Give the data again exactly as written, without any of its pictures.

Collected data

━━━━━━━━━━━━━━━━

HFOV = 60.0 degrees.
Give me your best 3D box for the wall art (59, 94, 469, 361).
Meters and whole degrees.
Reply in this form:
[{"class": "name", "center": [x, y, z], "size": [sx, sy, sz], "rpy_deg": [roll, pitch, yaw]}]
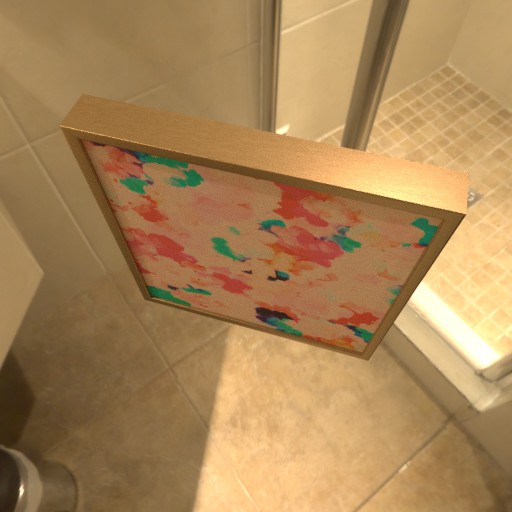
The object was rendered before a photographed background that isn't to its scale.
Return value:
[{"class": "wall art", "center": [0.000, 0.000, 0.457], "size": [0.304, 0.305, 0.038], "rpy_deg": [14, 60, 8]}]
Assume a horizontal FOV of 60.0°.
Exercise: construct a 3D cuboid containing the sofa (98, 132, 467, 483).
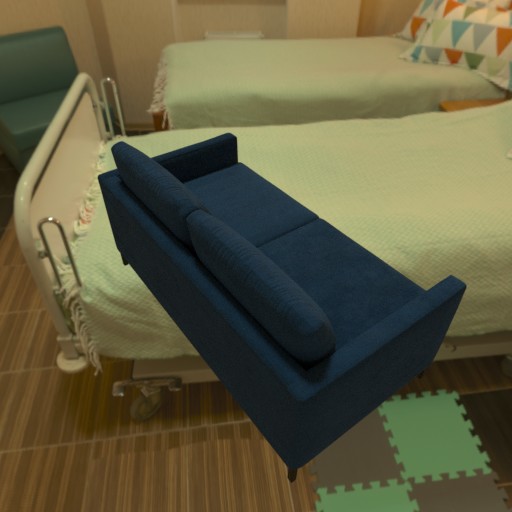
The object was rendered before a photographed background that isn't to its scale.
[{"bbox_3d":[0.000,0.000,2.158,0.875,0.817,1.676,-26,47,-27],"label":"sofa"}]
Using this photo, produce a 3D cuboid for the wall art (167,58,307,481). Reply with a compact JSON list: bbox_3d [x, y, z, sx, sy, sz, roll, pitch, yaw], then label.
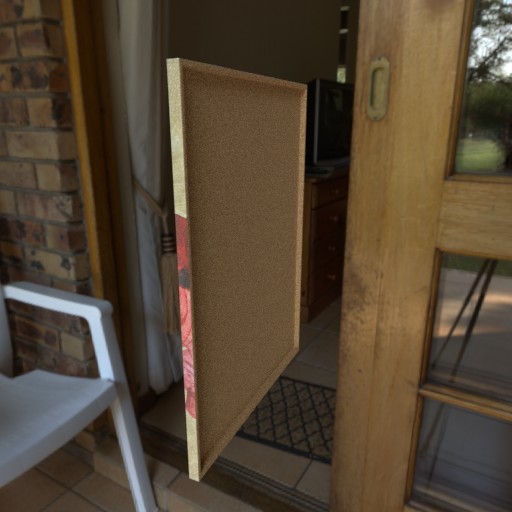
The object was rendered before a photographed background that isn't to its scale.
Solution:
[{"bbox_3d":[0.000,0.000,1.339,0.031,1.015,0.762,8,19,24],"label":"wall art"}]
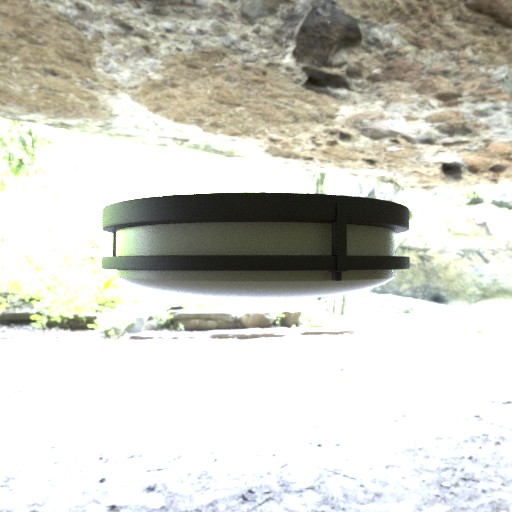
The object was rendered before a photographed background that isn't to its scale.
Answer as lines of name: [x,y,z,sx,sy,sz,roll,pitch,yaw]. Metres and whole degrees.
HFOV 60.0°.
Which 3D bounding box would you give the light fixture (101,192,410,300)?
light fixture: [0.000,0.000,0.540,0.356,0.102,0.356,0,-1,0]
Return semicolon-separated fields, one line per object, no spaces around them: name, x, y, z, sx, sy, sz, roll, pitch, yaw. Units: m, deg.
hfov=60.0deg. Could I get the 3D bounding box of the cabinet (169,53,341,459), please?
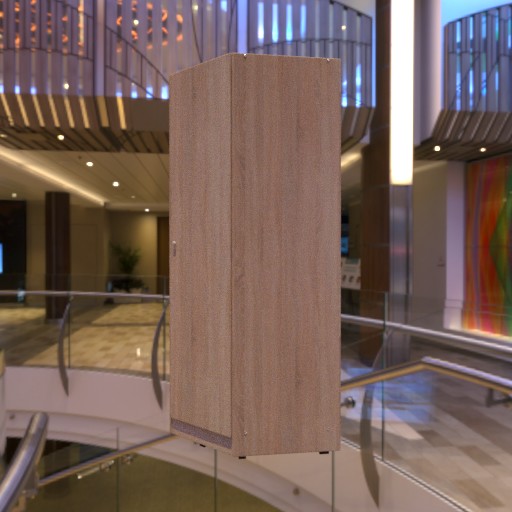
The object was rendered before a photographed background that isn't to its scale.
cabinet;0.000;0.000;2.879;1.327;2.120;1.094;0;0;38
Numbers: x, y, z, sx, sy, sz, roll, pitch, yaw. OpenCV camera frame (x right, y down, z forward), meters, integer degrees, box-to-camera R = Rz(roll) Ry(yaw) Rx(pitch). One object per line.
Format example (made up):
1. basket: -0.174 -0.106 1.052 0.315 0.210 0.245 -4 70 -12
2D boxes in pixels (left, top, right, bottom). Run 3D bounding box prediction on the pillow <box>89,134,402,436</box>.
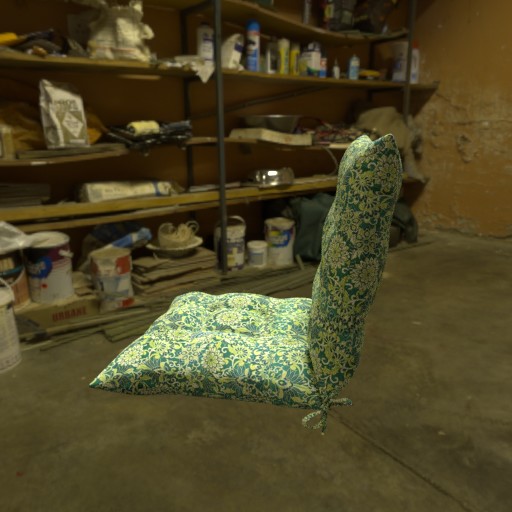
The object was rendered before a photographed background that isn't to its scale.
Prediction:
1. pillow: 0.000 0.000 1.008 0.585 0.536 0.541 3 16 9
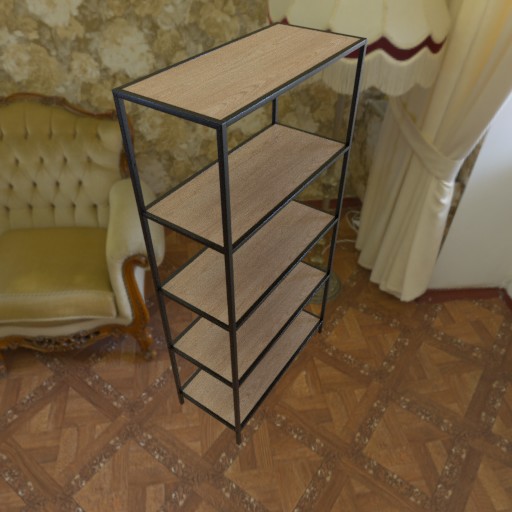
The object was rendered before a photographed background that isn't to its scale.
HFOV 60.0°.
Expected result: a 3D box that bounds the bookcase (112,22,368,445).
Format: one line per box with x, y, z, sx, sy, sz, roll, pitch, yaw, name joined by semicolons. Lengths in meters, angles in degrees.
0.000;0.000;1.770;0.350;1.500;0.770;25;47;25;bookcase
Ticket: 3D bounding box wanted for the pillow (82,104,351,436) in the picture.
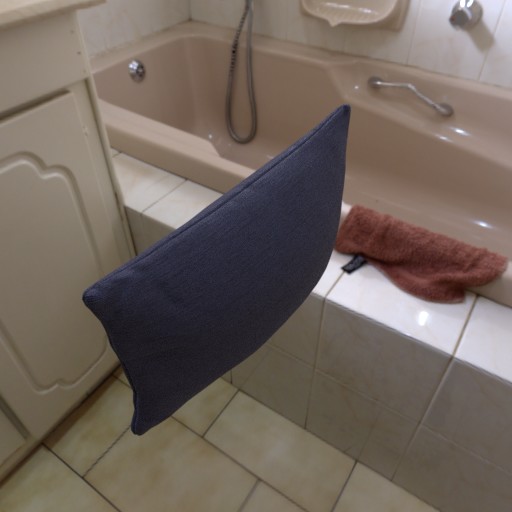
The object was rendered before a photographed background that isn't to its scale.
[{"bbox_3d":[0.000,0.000,0.787,0.210,0.338,0.633,26,49,26],"label":"pillow"}]
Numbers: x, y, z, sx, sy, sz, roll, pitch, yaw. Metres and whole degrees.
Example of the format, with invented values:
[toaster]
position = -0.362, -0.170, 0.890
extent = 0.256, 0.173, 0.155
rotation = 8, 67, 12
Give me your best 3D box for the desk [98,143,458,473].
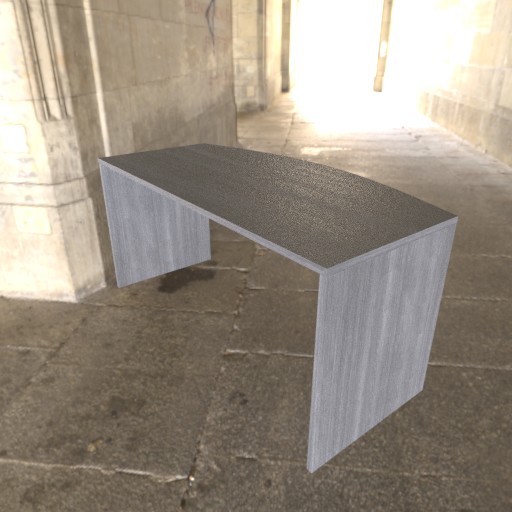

━━━━━━━━━━━━━━━━

TASK RESULT –
HFOV = 60.0 degrees.
Give me your best 3D box for the wall art (59, 94, 469, 361).
Meters and whole degrees.
Reply in this form:
[{"class": "name", "center": [x, y, z], "size": [sx, sy, sz], "rpy_deg": [roll, pitch, yaw]}]
The object was rendered before a photographed background that isn't to its scale.
Return value:
[{"class": "wall art", "center": [0.000, 0.000, 0.457], "size": [0.304, 0.305, 0.038], "rpy_deg": [14, 60, 8]}]
Assume a horizontal FOV of 60.0°.
Exercise: construct a 3D cuboid containing the sofa (98, 132, 467, 483).
The object was rendered before a photographed background that isn't to its scale.
[{"bbox_3d":[0.000,0.000,2.158,0.875,0.817,1.676,-26,47,-27],"label":"sofa"}]
Using this photo, produce a 3D cuboid for the wall art (167,58,307,481). Reply with a compact JSON list: bbox_3d [x, y, z, sx, sy, sz, roll, pitch, yaw], then label.
The object was rendered before a photographed background that isn't to its scale.
Solution:
[{"bbox_3d":[0.000,0.000,1.339,0.031,1.015,0.762,8,19,24],"label":"wall art"}]
The object was rendered before a photographed background that isn't to its scale.
Answer as lines of name: [x,y,z,sx,sy,sz,roll,pitch,yaw]. Metres and whole degrees.
HFOV 60.0°.
Which 3D bounding box would you give the light fixture (101,192,410,300)?
light fixture: [0.000,0.000,0.540,0.356,0.102,0.356,0,-1,0]
Return semicolon-separated fields, one line per object, no spaces around them: name, x, y, z, sx, sy, sz, roll, pitch, yaw. Units: m, deg.
hfov=60.0deg. Could I get the 3D bounding box of the cabinet (169,53,341,459), please?
The object was rendered before a photographed background that isn't to its scale.
cabinet;0.000;0.000;2.879;1.327;2.120;1.094;0;0;38
Numbers: x, y, z, sx, sy, sz, roll, pitch, yaw. OpenCV camera frame (x right, y down, z forward), meters, integer degrees, box-to-camera R = Rz(roll) Ry(yaw) Rx(pitch). One object per line.
Format example (made up):
1. basket: -0.174 -0.106 1.052 0.315 0.210 0.245 -4 70 -12
2D boxes in pixels (left, top, right, bottom). Run 3D bounding box prediction on the pillow <box>89,134,402,436</box>.
The object was rendered before a photographed background that isn't to its scale.
Prediction:
1. pillow: 0.000 0.000 1.008 0.585 0.536 0.541 3 16 9
The object was rendered before a photographed background that isn't to its scale.
HFOV 60.0°.
Expected result: a 3D box that bounds the bookcase (112,22,368,445).
Format: one line per box with x, y, z, sx, sy, sz, roll, pitch, yaw, name joined by semicolons. Lengths in meters, angles in degrees.
0.000;0.000;1.770;0.350;1.500;0.770;25;47;25;bookcase
Ticket: 3D bounding box wanted for the pillow (82,104,351,436) in the picture.
The object was rendered before a photographed background that isn't to its scale.
[{"bbox_3d":[0.000,0.000,0.787,0.210,0.338,0.633,26,49,26],"label":"pillow"}]
Numbers: x, y, z, sx, sy, sz, roll, pitch, yaw. Metres and whole degrees.
Example of the format, with invented values:
[toaster]
position = -0.362, -0.170, 0.890
extent = 0.256, 0.173, 0.155
rotation = 8, 67, 12
Give me your best 3D box for the desk [98,143,458,473].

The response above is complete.